Atölyemin içinde yer aldığı kilise avlusunda, uzun süre, mültecilerin kaçış yolculuklarını anlatan, kendi telefonlarıyla çektikleri fotoğraflar sergilendi. Zaman zaman da kilisenin yardımlarından yararlanmak amacıyla, çoğunluğunu kadınların oluşturduğu kuyruklar oluyor. Bunlar beni çok etkiledi. ‘Göç’ü; politik açmazlara ve tekrara düşmeden, kendi üslubumdan da uzaklaşmadan nasıl yansıtabileceğimi uzun süre düşündüm. Son iki yıldır, resim içinde resim mantığıyla kurguladığım, akrilik ve kolaj ağırlıklı bu tuvaller üzerine çalışıyorum. Ayrıca yine aynı temanın parçaları olan bir ‘Kar Küresi’ ve devasa boyutta bir yerleştirme sergimde yer alıyor.
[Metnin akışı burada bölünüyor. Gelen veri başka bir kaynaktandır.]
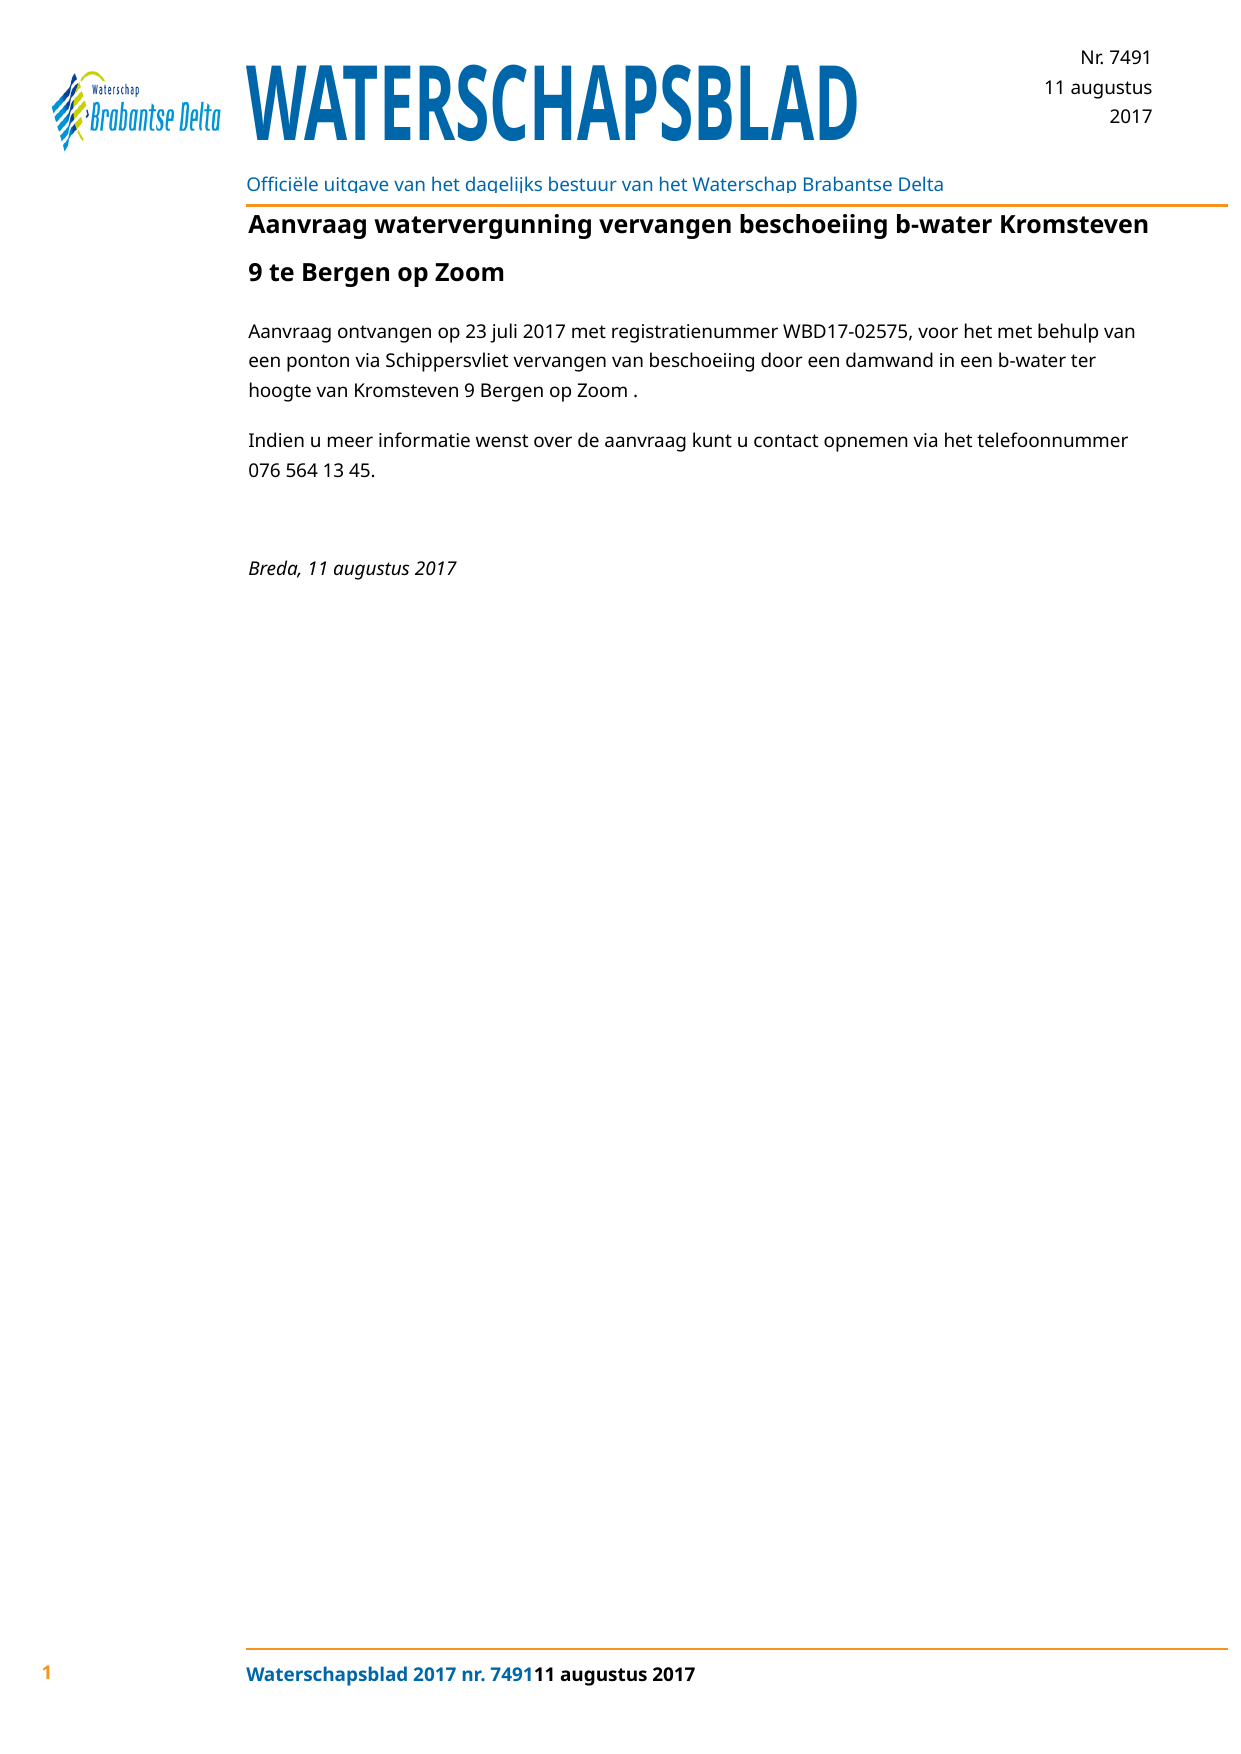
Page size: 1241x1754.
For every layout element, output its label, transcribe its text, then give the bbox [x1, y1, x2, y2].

text Aanvraag ontvangen op 23 juli 2017 met registratienummer WBD17-02575, voor het met behulp van een ponton via Schippersvliet vervangen van beschoeiing door een damwand in een b-water ter hoogte van Kromsteven 9 Bergen op Zoom . [248, 318, 1152, 403]
text Aanvraag watervergunning vervangen beschoeiing b-water Kromsteven 9 te Bergen op Zoom [248, 207, 1152, 288]
picture [41, 47, 231, 172]
text Breda, 11 augustus 2017 [248, 555, 1152, 581]
text Indien u meer informatie wenst over de aanvraag kunt u contact opnemen via het telefoonnummer 076 564 13 45. [248, 427, 1152, 483]

Göç ve mülteciler sanat dünyasının uzun zamandır gündeminde. Bu sorunlarla ilgilenen sanatçıların üretimlerini takip ettiniz mi?
Aslında takip etmedim. Başka sanatçılardan etkilenme olasılığı kaçındığım bir şey ama sağda-solda tabii ki gördüm. Çok işlenen bir konu olduğunu bilerek farklı bir şey yapabileceğime kanaat getirdikten çalışmaya başladım.
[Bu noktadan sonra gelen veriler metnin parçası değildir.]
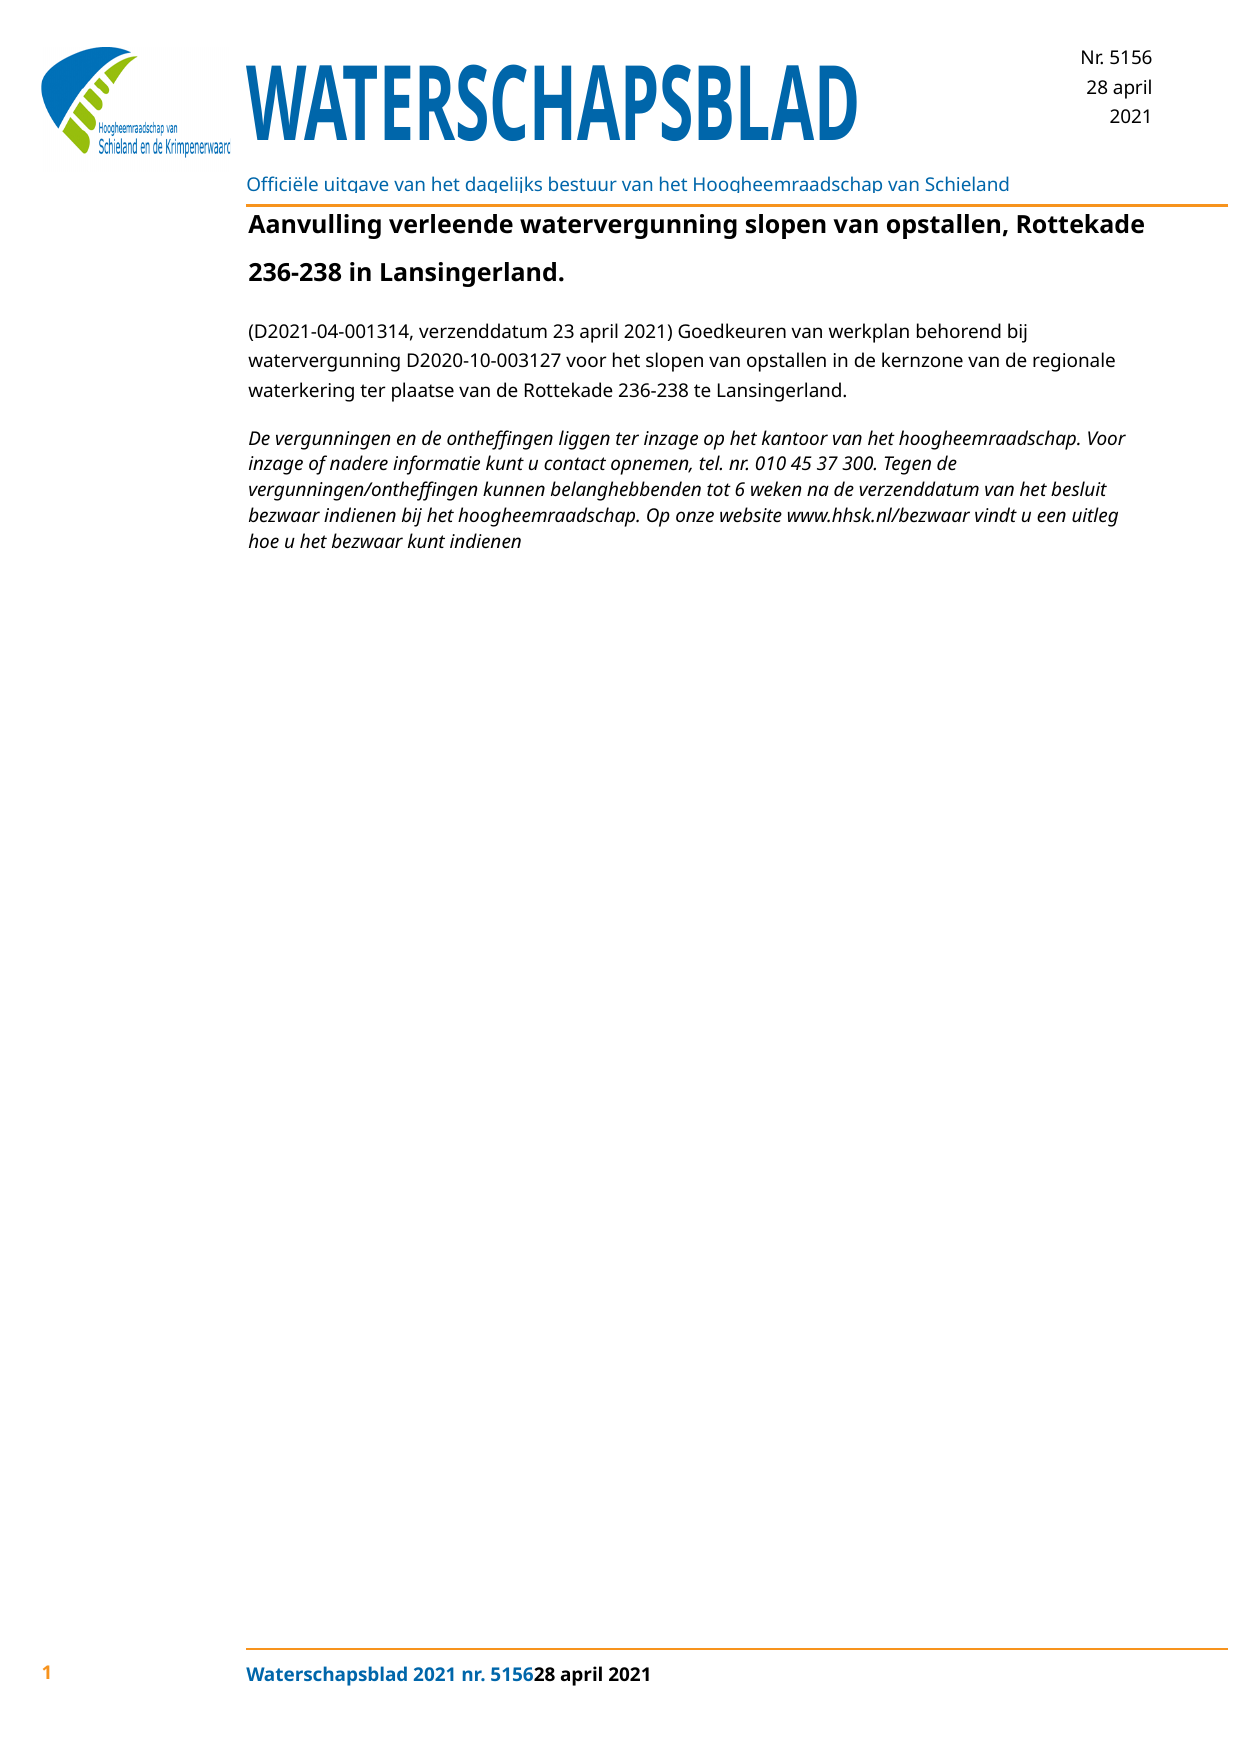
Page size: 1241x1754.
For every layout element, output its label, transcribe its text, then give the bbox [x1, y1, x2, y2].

text (D2021-04-001314, verzenddatum 23 april 2021) Goedkeuren van werkplan behorend bij watervergunning D2020-10-003127 voor het slopen van opstallen in de kernzone van de regionale waterkering ter plaatse van de Rottekade 236-238 te Lansingerland. [248, 318, 1152, 403]
text Aanvulling verleende watervergunning slopen van opstallen, Rottekade 236-238 in Lansingerland. [248, 207, 1152, 288]
text De vergunningen en de ontheffingen liggen ter inzage op het kantoor van het hoogheemraadschap. Voor inzage of nadere informatie kunt u contact opnemen, tel. nr. 010 45 37 300. Tegen de vergunningen/ontheffingen kunnen belanghebbenden tot 6 weken na de verzenddatum van het besluit bezwaar indienen bij het hoogheemraadschap. Op onze website www.hhsk.nl/bezwaar vindt u een uitleg hoe u het bezwaar kunt indienen [248, 425, 1152, 553]
picture [41, 47, 231, 172]

Kolajlarınız, bu meseleyi derinlemesine anlatma çabasında sizi tatmin etti mi? Farklı bir medyum arayışı yaşadınız mı?
Bu sergimin diğerlerinden en büyük farkı; tanınmayan, başka ressamlara ait 60-70 yıllık resimler üzerinden hareket etmek oldu.
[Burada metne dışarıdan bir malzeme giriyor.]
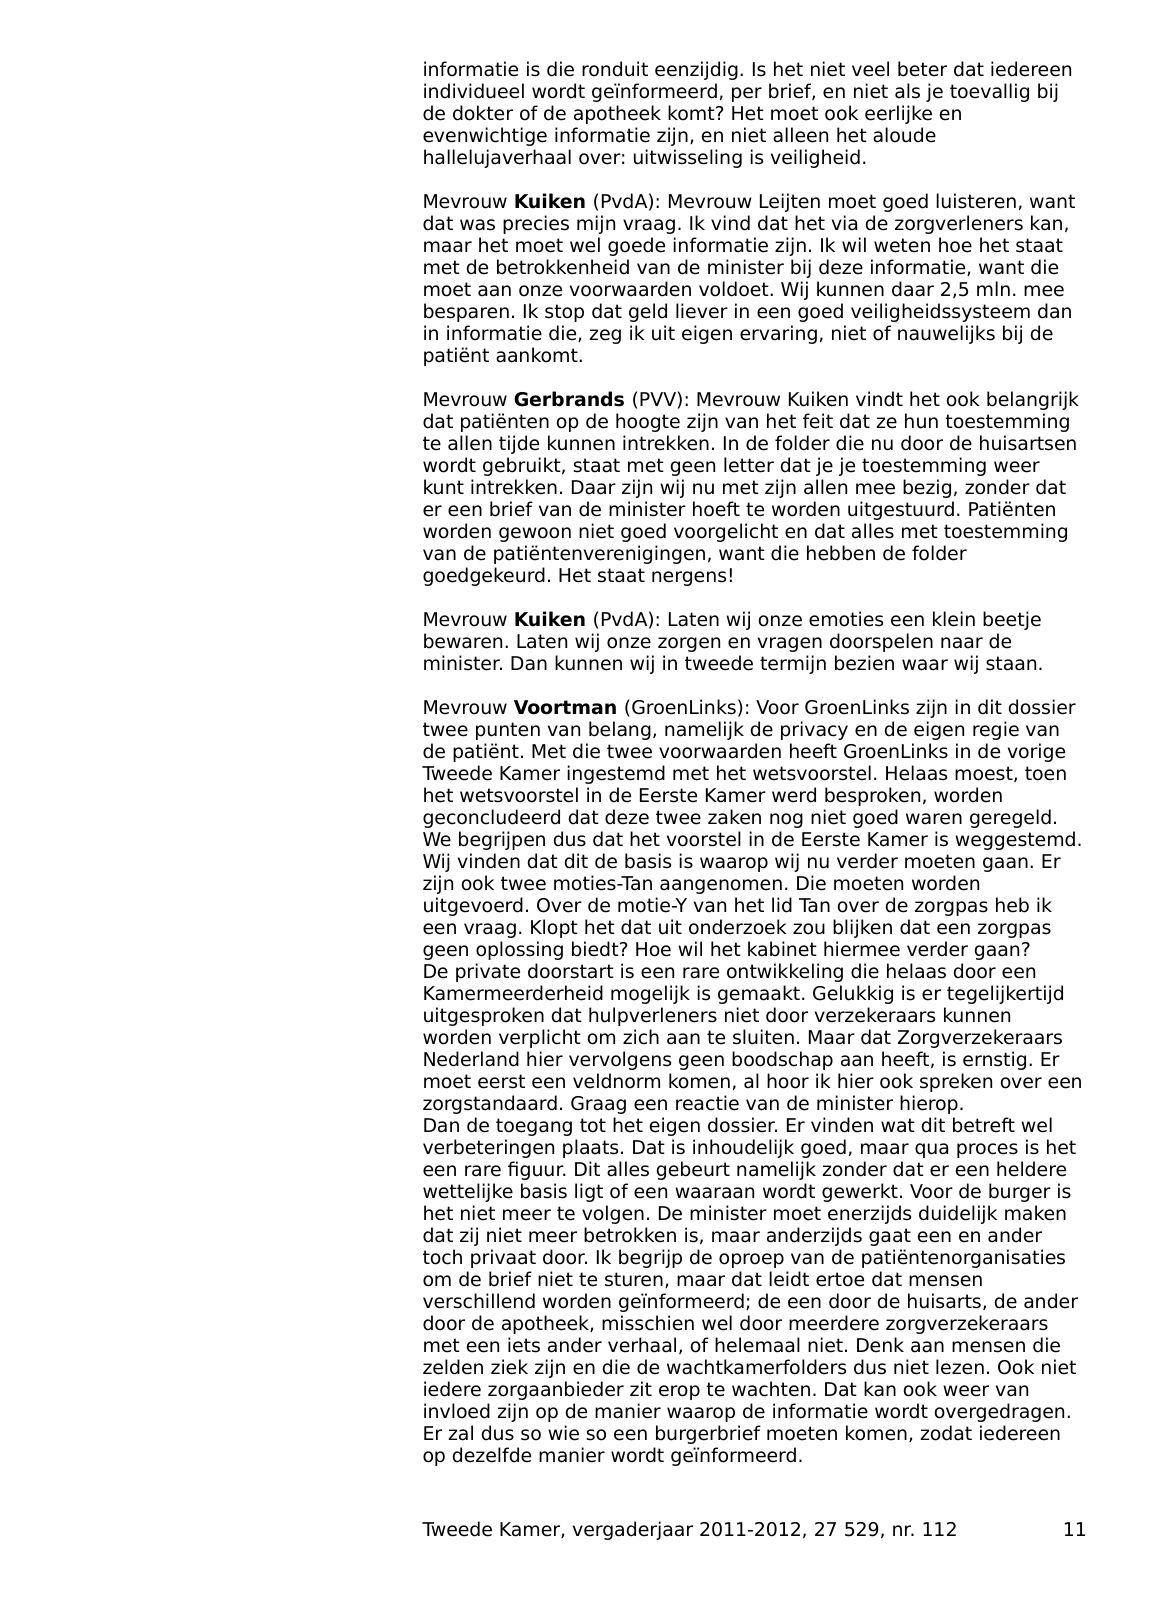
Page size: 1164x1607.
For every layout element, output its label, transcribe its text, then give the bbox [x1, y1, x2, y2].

text Mevrouw Voortman (GroenLinks): Voor GroenLinks zijn in dit dossier twee punten van belang, namelijk de privacy en de eigen regie van de patiënt. Met die twee voorwaarden heeft GroenLinks in de vorige Tweede Kamer ingestemd met het wetsvoorstel. Helaas moest, toen het wetsvoorstel in de Eerste Kamer werd besproken, worden geconcludeerd dat deze twee zaken nog niet goed waren geregeld. We begrijpen dus dat het voorstel in de Eerste Kamer is weggestemd. Wij vinden dat dit de basis is waarop wij nu verder moeten gaan. Er zijn ook twee moties-Tan aangenomen. Die moeten worden uitgevoerd. Over de motie-Y van het lid Tan over de zorgpas heb ik een vraag. Klopt het dat uit onderzoek zou blijken dat een zorgpas geen oplossing biedt? Hoe wil het kabinet hiermee verder gaan? [422, 697, 1087, 961]
text De private doorstart is een rare ontwikkeling die helaas door een Kamermeerderheid mogelijk is gemaakt. Gelukkig is er tegelijkertijd uitgesproken dat hulpverleners niet door verzekeraars kunnen worden verplicht om zich aan te sluiten. Maar dat Zorgverzekeraars Nederland hier vervolgens geen boodschap aan heeft, is ernstig. Er moet eerst een veldnorm komen, al hoor ik hier ook spreken over een zorgstandaard. Graag een reactie van de minister hierop. [422, 961, 1087, 1115]
text Mevrouw Kuiken (PvdA): Mevrouw Leijten moet goed luisteren, want dat was precies mijn vraag. Ik vind dat het via de zorgverleners kan, maar het moet wel goede informatie zijn. Ik wil weten hoe het staat met de betrokkenheid van de minister bij deze informatie, want die moet aan onze voorwaarden voldoet. Wij kunnen daar 2,5 mln. mee besparen. Ik stop dat geld liever in een goed veiligheidssysteem dan in informatie die, zeg ik uit eigen ervaring, niet of nauwelijks bij de patiënt aankomt. [422, 191, 1087, 367]
text Mevrouw Gerbrands (PVV): Mevrouw Kuiken vindt het ook belangrijk dat patiënten op de hoogte zijn van het feit dat ze hun toestemming te allen tijde kunnen intrekken. In de folder die nu door de huisartsen wordt gebruikt, staat met geen letter dat je je toestemming weer kunt intrekken. Daar zijn wij nu met zijn allen mee bezig, zonder dat er een brief van de minister hoeft te worden uitgestuurd. Patiënten worden gewoon niet goed voorgelicht en dat alles met toestemming van de patiëntenverenigingen, want die hebben de folder goedgekeurd. Het staat nergens! [422, 389, 1087, 587]
text informatie is die ronduit eenzijdig. Is het niet veel beter dat iedereen individueel wordt geïnformeerd, per brief, en niet als je toevallig bij de dokter of de apotheek komt? Het moet ook eerlijke en evenwichtige informatie zijn, en niet alleen het aloude hallelujaverhaal over: uitwisseling is veiligheid. [422, 59, 1087, 169]
text Dan de toegang tot het eigen dossier. Er vinden wat dit betreft wel verbeteringen plaats. Dat is inhoudelijk goed, maar qua proces is het een rare figuur. Dit alles gebeurt namelijk zonder dat er een heldere wettelijke basis ligt of een waaraan wordt gewerkt. Voor de burger is het niet meer te volgen. De minister moet enerzijds duidelijk maken dat zij niet meer betrokken is, maar anderzijds gaat een en ander toch privaat door. Ik begrijp de oproep van de patiëntenorganisaties om de brief niet te sturen, maar dat leidt ertoe dat mensen verschillend worden geïnformeerd; de een door de huisarts, de ander door de apotheek, misschien wel door meerdere zorgverzekeraars met een iets ander verhaal, of helemaal niet. Denk aan mensen die zelden ziek zijn en die de wachtkamerfolders dus niet lezen. Ook niet iedere zorgaanbieder zit erop te wachten. Dat kan ook weer van invloed zijn op de manier waarop de informatie wordt overgedragen. Er zal dus so wie so een burgerbrief moeten komen, zodat iedereen op dezelfde manier wordt geïnformeerd. [422, 1115, 1087, 1467]
text Mevrouw Kuiken (PvdA): Laten wij onze emoties een klein beetje bewaren. Laten wij onze zorgen en vragen doorspelen naar de minister. Dan kunnen wij in tweede termijn bezien waar wij staan. [422, 609, 1087, 675]

Bunlar buluntu eserler mi?
Bu resimleri eşimle birlikte daha çok yurt dışından topladık. İstanbul’daki bit pazarlarını, antikacıları da ziyaret ettik. Çok pahalı olmayanları aldık. Tanınmış ressamlara ait değilller. Bunları toplamamızın nedeni şu: Dikkat edin, hemen hemen her gelir grubundan insanın evinde bir doğa resmi vardır. İnsanların özlemleri üzerine kafa yormaya başladım bu sayede. ‘İnsanlar neden evlerinde bir natürmort ya da nü esere yer vermiyor da peyzaj asıyor?’ Hep bir hayal coğrafyasının özlemiydi bence bu. Bu sergi için de aradığım kıvılcım bu sayede belirdi. Bu sıradan, hayal coğrafyalarıyla mültecilerin siyah-beyaz ikilemi serginin görsel temelini oluşturdu.
‘Kâğıt’ın her hâli
Pilevneli Mecidiyeköy, Kezban Arca Batıbeki sergisiyle eş zamanlı olarak Pilevneli Project tarafından gerçekleştirilen ‘Kâğıt’ başlıklı sergiye de ev sahipliği yapıyor. ‘Kâğıt’, 100’ün üzerinde sanatçının kâğıt işlerine odaklanan geniş kapsamlı bir sergi. Türkiye çağdaş sanatında, 1960’lardan bugüne uzanan bir çizgide, kâğıt üzerine yapılan işler ve de bizzat materyal olarak kağıdın kullanıldığı yapıtları bir araya getiren araştırma odaklı sergi, hem usta hem de genç sanatçıların yapıtları ışığında bu alanı kapsamlı bir şekilde, her yönüyle ele alıyor.